**** Material to process ****

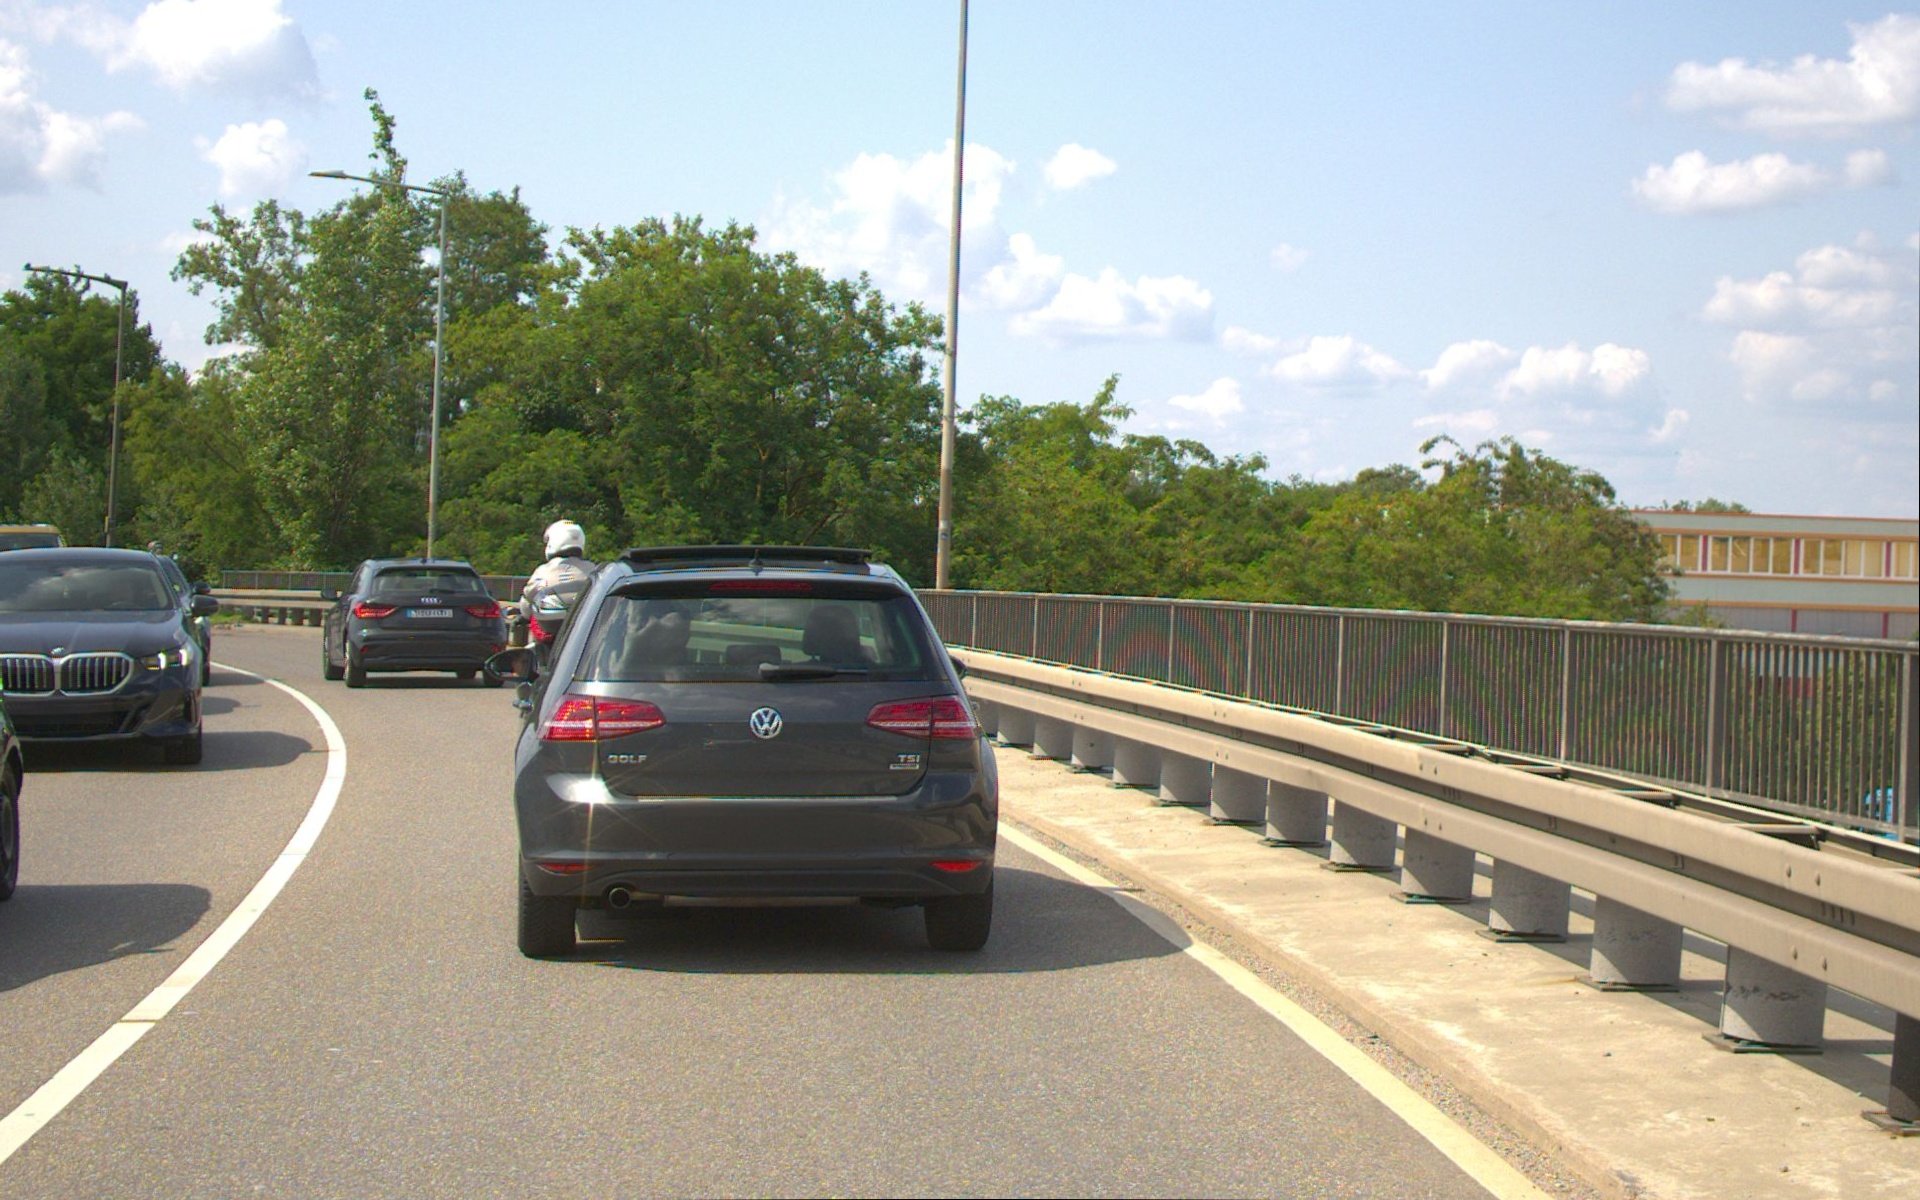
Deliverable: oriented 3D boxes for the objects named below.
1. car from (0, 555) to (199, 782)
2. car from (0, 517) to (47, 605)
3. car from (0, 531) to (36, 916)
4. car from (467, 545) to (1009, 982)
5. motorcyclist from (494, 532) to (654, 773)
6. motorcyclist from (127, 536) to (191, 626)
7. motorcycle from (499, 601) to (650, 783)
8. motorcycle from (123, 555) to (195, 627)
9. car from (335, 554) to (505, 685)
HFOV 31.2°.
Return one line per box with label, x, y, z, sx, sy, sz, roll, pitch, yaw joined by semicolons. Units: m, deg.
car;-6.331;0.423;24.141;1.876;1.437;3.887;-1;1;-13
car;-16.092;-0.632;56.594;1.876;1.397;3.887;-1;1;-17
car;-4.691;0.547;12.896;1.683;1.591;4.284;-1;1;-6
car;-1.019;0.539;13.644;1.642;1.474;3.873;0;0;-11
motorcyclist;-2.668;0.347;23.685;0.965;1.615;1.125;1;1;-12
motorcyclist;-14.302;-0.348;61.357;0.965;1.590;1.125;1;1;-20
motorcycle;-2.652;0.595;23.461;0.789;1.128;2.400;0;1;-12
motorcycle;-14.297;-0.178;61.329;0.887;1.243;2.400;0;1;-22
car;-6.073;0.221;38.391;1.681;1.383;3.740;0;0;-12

****
**** Material to process ****

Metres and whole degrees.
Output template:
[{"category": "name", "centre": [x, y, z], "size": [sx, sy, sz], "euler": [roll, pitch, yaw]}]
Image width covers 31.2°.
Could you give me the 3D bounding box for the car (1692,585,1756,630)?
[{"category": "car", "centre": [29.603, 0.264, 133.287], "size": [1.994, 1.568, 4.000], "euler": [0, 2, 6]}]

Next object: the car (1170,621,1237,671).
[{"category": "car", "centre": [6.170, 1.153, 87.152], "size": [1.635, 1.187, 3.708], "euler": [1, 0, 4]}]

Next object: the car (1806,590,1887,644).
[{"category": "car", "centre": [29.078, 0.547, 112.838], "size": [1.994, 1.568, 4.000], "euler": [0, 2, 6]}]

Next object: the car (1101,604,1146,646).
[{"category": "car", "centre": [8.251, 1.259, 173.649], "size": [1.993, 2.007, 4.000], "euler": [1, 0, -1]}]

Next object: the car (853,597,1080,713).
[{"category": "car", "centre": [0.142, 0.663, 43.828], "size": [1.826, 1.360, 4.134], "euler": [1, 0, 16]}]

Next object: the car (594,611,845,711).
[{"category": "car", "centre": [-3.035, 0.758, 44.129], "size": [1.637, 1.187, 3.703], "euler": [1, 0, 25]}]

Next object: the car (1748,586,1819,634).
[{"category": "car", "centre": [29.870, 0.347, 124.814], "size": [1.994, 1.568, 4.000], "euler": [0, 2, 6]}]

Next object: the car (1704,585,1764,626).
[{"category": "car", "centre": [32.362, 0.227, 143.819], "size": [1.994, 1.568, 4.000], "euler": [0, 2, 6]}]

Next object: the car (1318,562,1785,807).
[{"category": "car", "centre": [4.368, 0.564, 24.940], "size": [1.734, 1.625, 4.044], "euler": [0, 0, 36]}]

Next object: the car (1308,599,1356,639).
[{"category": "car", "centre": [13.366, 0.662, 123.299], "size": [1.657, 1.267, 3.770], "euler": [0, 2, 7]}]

****

Problem details
Of the entries listed above, reproduce only the lines starting at the line containing "Deliverable: oriented 3D" and ending at the line containing "HFOV 31.2°.". Include both, exactly as they stand.

Task response
Deliverable: oriented 3D boxes for the objects named below.
1. car from (0, 555) to (199, 782)
2. car from (0, 517) to (47, 605)
3. car from (0, 531) to (36, 916)
4. car from (467, 545) to (1009, 982)
5. motorcyclist from (494, 532) to (654, 773)
6. motorcyclist from (127, 536) to (191, 626)
7. motorcycle from (499, 601) to (650, 783)
8. motorcycle from (123, 555) to (195, 627)
9. car from (335, 554) to (505, 685)
HFOV 31.2°.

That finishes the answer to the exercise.